- [WORK INSTRUCTIONS]
All of the entries below need repeating exactly, apart from their images.
INPUT DATA below:
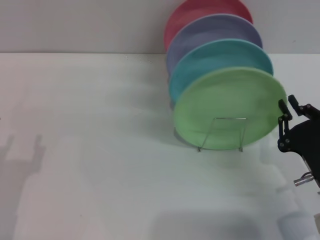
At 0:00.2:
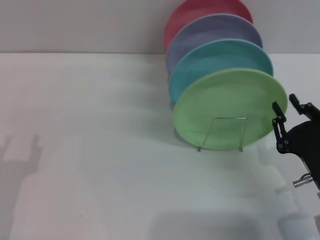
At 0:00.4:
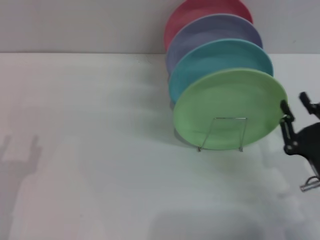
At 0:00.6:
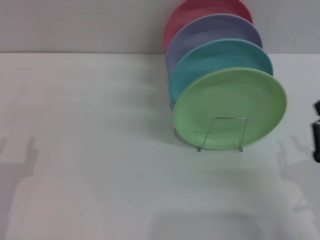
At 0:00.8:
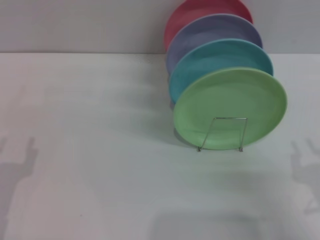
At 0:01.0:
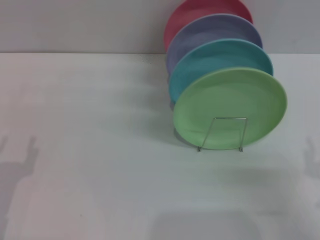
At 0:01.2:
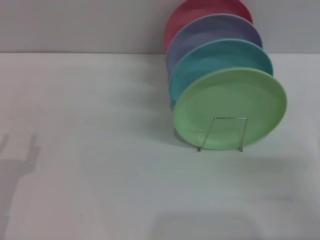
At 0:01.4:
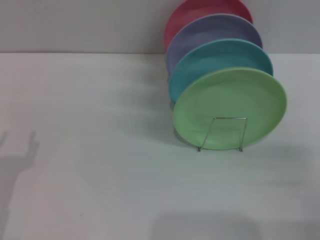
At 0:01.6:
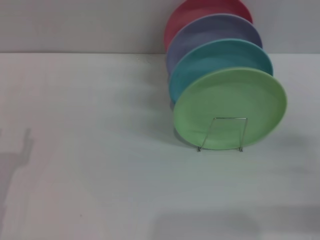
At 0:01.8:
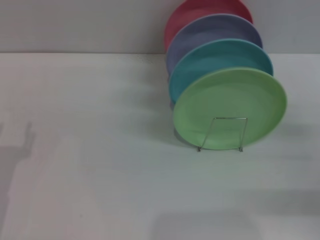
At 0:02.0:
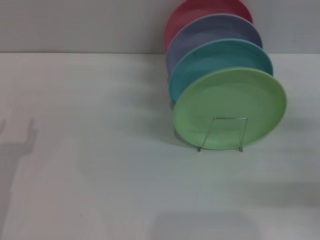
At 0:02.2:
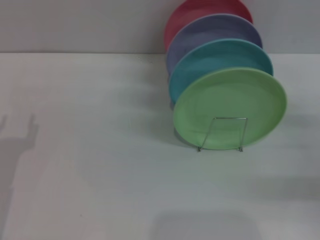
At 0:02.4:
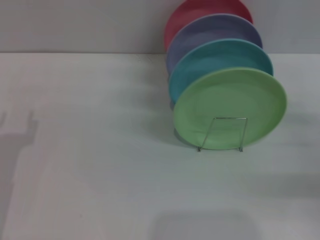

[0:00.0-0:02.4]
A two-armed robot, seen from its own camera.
End of INPUT DATA.
- [WRITTEN REPLY]
At 0:00.2:
At 0:00.4:
At 0:00.6:
At 0:00.8:
At 0:01.0:
At 0:01.2:
At 0:01.4:
At 0:01.6:
At 0:01.8:
At 0:02.0:
At 0:02.2:
At 0:02.4:

[0:00.0-0:02.4]
A two-armed robot, seen from its own camera.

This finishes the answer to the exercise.